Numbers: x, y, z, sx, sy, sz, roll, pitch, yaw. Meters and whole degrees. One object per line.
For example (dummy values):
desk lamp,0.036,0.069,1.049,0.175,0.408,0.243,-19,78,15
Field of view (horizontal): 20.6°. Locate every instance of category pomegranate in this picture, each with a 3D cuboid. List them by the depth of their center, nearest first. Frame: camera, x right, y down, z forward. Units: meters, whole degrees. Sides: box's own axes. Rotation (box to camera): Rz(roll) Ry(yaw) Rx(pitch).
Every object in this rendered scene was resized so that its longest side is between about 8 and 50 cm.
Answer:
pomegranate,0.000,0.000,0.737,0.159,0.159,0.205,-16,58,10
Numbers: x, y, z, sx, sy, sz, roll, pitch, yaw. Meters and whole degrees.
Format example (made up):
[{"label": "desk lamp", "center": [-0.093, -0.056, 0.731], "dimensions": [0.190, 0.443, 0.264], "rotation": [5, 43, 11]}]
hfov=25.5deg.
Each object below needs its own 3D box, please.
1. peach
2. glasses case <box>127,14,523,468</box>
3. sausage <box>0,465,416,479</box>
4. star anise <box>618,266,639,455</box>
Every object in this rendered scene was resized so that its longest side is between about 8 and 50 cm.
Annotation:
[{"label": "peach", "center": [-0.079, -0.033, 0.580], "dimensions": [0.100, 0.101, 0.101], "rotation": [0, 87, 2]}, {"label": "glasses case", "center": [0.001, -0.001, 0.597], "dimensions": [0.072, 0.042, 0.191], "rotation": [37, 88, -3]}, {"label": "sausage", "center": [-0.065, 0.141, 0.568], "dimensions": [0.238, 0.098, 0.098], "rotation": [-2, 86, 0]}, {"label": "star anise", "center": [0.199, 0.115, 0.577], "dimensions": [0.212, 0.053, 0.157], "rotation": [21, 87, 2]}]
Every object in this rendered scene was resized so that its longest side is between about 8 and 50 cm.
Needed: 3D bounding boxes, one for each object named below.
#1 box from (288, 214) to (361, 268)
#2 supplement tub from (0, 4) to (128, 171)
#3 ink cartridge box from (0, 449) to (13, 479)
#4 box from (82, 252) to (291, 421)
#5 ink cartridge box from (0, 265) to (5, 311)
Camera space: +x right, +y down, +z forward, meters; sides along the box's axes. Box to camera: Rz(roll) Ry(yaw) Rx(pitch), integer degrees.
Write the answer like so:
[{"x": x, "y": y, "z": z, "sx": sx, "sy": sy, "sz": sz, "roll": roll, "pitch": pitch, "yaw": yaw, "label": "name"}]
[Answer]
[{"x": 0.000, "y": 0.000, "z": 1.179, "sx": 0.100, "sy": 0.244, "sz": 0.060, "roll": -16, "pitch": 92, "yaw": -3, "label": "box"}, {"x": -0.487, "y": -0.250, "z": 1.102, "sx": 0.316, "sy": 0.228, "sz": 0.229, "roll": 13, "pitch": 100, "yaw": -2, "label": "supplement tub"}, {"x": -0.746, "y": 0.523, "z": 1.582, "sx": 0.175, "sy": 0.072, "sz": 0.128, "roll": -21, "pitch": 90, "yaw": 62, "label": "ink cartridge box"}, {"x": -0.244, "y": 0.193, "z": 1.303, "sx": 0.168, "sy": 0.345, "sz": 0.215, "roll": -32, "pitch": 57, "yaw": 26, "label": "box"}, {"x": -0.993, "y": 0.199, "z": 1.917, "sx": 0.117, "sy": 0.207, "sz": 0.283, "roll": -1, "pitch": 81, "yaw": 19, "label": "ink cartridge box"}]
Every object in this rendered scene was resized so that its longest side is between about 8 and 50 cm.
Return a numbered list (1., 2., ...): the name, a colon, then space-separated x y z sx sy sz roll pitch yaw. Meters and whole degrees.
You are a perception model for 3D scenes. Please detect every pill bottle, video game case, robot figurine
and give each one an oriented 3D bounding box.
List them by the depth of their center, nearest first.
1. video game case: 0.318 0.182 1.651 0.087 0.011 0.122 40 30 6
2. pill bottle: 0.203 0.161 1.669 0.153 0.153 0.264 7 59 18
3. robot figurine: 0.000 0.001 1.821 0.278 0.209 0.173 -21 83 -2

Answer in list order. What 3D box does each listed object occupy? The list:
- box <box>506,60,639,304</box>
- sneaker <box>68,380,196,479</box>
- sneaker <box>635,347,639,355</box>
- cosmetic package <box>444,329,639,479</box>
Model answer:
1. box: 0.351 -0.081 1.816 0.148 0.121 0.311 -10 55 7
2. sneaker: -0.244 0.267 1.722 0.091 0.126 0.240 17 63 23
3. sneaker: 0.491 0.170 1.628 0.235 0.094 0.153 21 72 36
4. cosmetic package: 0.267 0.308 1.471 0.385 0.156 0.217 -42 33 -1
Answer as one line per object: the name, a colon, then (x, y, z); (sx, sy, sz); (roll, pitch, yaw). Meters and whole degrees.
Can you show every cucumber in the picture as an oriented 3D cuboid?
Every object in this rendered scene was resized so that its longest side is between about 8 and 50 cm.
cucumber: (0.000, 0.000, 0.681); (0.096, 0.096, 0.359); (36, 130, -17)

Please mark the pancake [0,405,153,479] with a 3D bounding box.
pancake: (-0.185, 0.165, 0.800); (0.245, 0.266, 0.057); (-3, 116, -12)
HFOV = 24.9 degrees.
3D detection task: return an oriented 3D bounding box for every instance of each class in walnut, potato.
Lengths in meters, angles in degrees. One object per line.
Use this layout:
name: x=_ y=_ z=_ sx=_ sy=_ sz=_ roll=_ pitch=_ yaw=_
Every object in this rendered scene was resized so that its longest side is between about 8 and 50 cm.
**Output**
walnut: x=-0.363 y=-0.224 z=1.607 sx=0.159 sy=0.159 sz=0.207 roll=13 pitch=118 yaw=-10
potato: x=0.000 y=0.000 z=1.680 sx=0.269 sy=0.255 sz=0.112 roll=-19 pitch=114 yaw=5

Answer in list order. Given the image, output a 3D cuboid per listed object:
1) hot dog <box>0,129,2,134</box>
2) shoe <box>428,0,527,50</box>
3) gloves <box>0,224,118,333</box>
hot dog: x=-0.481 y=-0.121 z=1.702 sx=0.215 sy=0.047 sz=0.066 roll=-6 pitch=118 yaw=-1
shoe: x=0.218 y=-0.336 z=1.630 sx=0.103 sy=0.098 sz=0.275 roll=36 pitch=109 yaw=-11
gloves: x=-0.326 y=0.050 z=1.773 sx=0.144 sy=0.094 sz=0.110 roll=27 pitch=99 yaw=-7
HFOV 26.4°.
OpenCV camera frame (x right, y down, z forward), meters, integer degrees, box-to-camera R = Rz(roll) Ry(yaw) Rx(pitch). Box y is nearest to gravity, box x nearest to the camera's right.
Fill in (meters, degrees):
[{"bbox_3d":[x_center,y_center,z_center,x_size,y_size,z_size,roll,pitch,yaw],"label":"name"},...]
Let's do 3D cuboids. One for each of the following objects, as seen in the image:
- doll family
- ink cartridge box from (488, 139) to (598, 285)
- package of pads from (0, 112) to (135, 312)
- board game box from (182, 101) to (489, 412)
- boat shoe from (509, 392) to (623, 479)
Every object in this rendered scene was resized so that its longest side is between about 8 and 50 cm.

WHAT IS BEING ASKED
Starting at the line above that holds "#4 box from (82, 252) to (291, 421)" and ending at the line that holds "Write the answer", transcribe each line exactly and include no other lines.

SOLUTION TO THIS EXERCISE
#4 box from (82, 252) to (291, 421)
#5 ink cartridge box from (0, 265) to (5, 311)
Camera space: +x right, +y down, +z forward, meters; sides along the box's axes. Box to camera: Rz(roll) Ry(yaw) Rx(pitch), integer degrees.
Write the answer like so:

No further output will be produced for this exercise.